En 1918 ingresó a la Escuela Normal Superior de Pisa, una de las instituciones más exigentes de Italia. Durante su examen de ingreso —que duraba tres días consecutivos de ocho horas cada uno—, Fermi deslumbró al jurado con su disertación sobre la naturaleza del sonido. Su nivel era tan extraordinario que dejó sin palabras a toda la comisión examinadora.

Su paso por la universidad fue peculiar: estudiaba poco, absorbía todo con facilidad y tenía tanto tiempo libre que fundó con sus amigos la Società Antiprossimo, una especie de club humorístico que se dedicaba a bromear con la gente. Pero detrás de esa ironía se escondía un genio. Uno de sus profesores, Luigi Puccianti, llegó a pedirle que le enseñara física teórica porque, según sus palabras, “si me lo explicas tú, lo entiendo”.

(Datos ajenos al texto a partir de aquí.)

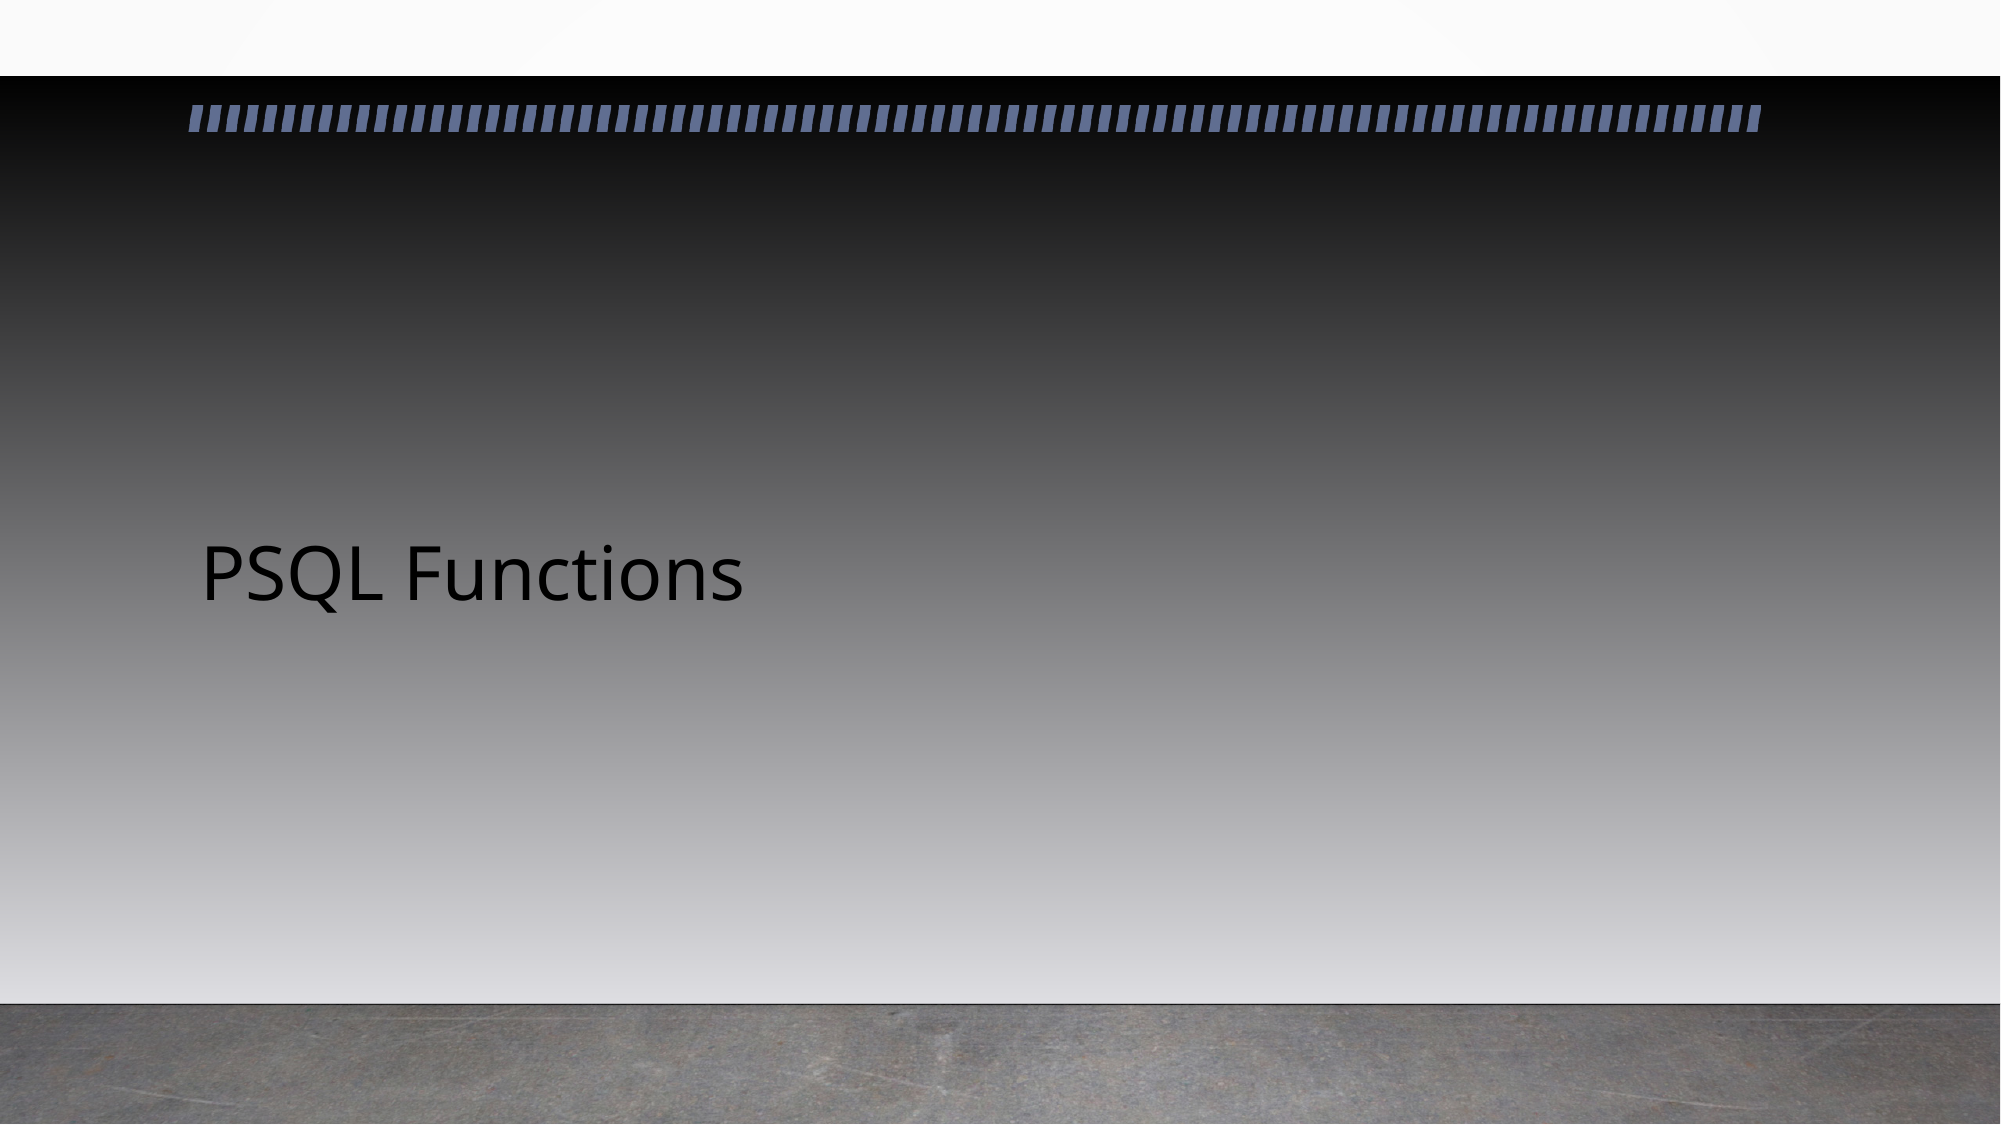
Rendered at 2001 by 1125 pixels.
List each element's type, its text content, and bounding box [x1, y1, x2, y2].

A los 20 años, Fermi ya publicaba artículos sobre mecánica cuántica y radiación, temas apenas comprendidos en Italia. En un país donde la física teórica aún no era reconocida como disciplina universitaria, se convirtió en el primer científico italiano en abrir ese camino.

El día de su defensa de tesis, presentó su trabajo ante once examinadores que, simplemente, no entendieron nada. Recibió el título magna cum laude, pero ningún aplauso. Había demostrado tanto, que incluso los académicos más veteranos no sabían cómo juzgarlo.

Aquel joven que no encajaba en los moldes de su tiempo se convertiría años después en el arquitecto del primer reactor nuclear del mundo y uno de los padres de la era atómica. (Tomado de Datos Históricos)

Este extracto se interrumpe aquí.